When the weekend arrives for Cal Poly students, it doesn’t take long before small venues and houses become energized with the mutually encouraged liveliness of band-fan interaction. Commonly recognized as “house shows,” these events have been gaining traction as a key way for students to connect with one another by means of musical stimulation, while allowing local bands to gain exposure.
Yet from every perspective of the band scene in San Luis Obispo, there is a harmonious recognition that collaboration lies at the center of the music community’s success according to Cate Armstrong, sociology senior and vocalist of the band Purple Hibiscus. She said she has witnessed this first hand throughout her own immersion within this community.
In San Luis Obispo, many small bands have made, or are working to make their mark, with the aid of passion, band chemistry and a desire for success.
Three-piece local-band Kiwi Kannibal was established upon the foundation of friendship when its two senior members discovered the value in working together.
“I would go over to Adrian’s dorm and he would play bass and I’d play guitar and we’d start jamming out,” journalism senior Amanda Wernik said, who is the band’s lead singer and guitarist. “That was when I started figuring out how to record music and finding a sound. We just had musical chemistry and we just started hanging out together, like he was my music homie.”

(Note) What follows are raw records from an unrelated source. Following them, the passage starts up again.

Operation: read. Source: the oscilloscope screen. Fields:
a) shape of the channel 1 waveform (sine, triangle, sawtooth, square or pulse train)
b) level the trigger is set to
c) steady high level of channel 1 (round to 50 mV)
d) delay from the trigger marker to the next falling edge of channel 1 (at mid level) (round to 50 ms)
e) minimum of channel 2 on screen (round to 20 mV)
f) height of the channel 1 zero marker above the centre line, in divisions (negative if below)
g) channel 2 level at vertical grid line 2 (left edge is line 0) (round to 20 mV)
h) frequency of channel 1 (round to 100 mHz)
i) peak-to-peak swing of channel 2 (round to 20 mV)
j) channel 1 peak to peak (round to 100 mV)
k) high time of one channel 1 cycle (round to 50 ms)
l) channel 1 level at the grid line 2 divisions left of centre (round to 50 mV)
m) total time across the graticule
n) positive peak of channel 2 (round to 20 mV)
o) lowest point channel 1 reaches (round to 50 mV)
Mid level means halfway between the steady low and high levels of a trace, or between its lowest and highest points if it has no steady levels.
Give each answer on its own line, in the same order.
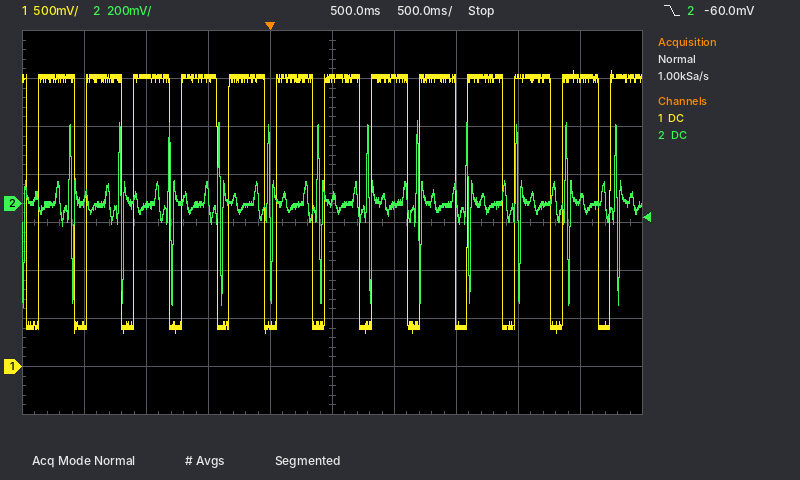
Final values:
pulse train
-60.0 mV
3.00 V
350 ms
-440 mV
-3.0 div
0 mV
2.6 Hz
780 mV
2.70 V
300 ms
3.00 V
5 s
340 mV
350 mV

With the establishment of local bands such as Kiwi Kannibal, the importance of building a community within the band scene has become more recognized by those within it. Armstrong said it is key that there is a mutual sense of respect and a level of “stoke,” or passion, present.
Throughout her experience in Purple Hibiscus, Armstrong said she has also realized that these communal bonds stem from, and can also cater to, the spirit of artistry.
“I think what’s really unique about the music scene here in SLO is there’s just such an essence of creativity that is always blooming in music, art, just all things creative,” Armstrong said.
Wernik echoed that the role this type of atmosphere can serve is where everything “comes full circle” and you can “form a core community of creatives who can hype up each other’s work,” she said.
While the creative and collaborative aspects of the band scene are often positively characterized, there are still learning curves.
Adrian Rosas, the bass guitarist of Kiwi Kannibal and journalism senior, described the early phase of starting a band as the “honeymoon phase.”
This phase for Kiwi Kannibal came to a halt when its members found themselves in need of a drummer. Despite their initial concern about how they would carry on until they found one, the band was met with even more support and more collaboration than before when they turned to the broader San Luis Obispo music community for help.
“We made a lot of really good friends in the scene and that was one of the moments that me and Amanda kind of realized that it was really cool to connect with a lot of the musicians here,” Rosas said. “Not all of them, but a lot of them, because you can’t be friends with everybody, but we made a lot of good connections with a lot of people.”
Just as Kiwi Kannibal had interim drummers for a more extended period of time, the bands in San Luis Obispo are generally flexible and use substitute musicians when needed. Armstrong said that other bands often use substitute musicians from different groups when a member leaves or is unavailable for a show.
“Especially being in college and being so busy and having so many different realms that we’re occupying, like we’re not able to make every show so it just kind of depends on the band’s flexibility,” Armstrong said.
Bands in the San Luis Obispo community also show their support by attending each other’s shows. Armstrong said people may promote shows that are not their own on social media, or that even those within the band scene, including herself, may go see other bands perform, both as a sign of solidarity and for the enjoyment of it.
“This is my final quarter at Cal Poly, so I think really just prioritizing the shows and the people I want to play with. Every time I see a Couch Dog show, I’m in the mosh having a good time, sweating, smiling, everything,” Armstrong said.
This universalized collaboration also helped Kiwi Kannibal to develop “a core sound that people kept coming back [to]” and find a songwriting style that “stuck out as distinctly [their] own,” Wernik said. Now with their permanent drummer Jon Achee, Wernik also said she believes that Kiwi Kannibal is more stable than it would have been without the band’s prior collaboration with temporary drummers.
Partnerships in the local music community have also manifested in ways that aren’t as directly associated with the crossing over of band members in shows.
Kiwi Kannibal has been recently working with Max Ferrer, a member of the band Couch Dog and a logo designer, to produce shirt designs, poster graphics and logos for their own band.
Bands also assist one another by coordinating for each one to bring some of the equipment that’s needed for house shows or other events so not one band has to handle it alone, which Achee said is a useful form of collaboration.
As this community continues to develop with the presence and involvement of new musical creators, Armstrong said that the fellowship that has been woven between bands will grow with it.
“There’s just a hunger for having live music be available again. I think that collaboration is definitely at the center of that, because it takes a village to get all of this going up again,” Armstrong said. “It can’t just be one band, it has to be all the bands having that same shared vision of making music alive in SLO.”
Correction: This article was updated to correct name spellings.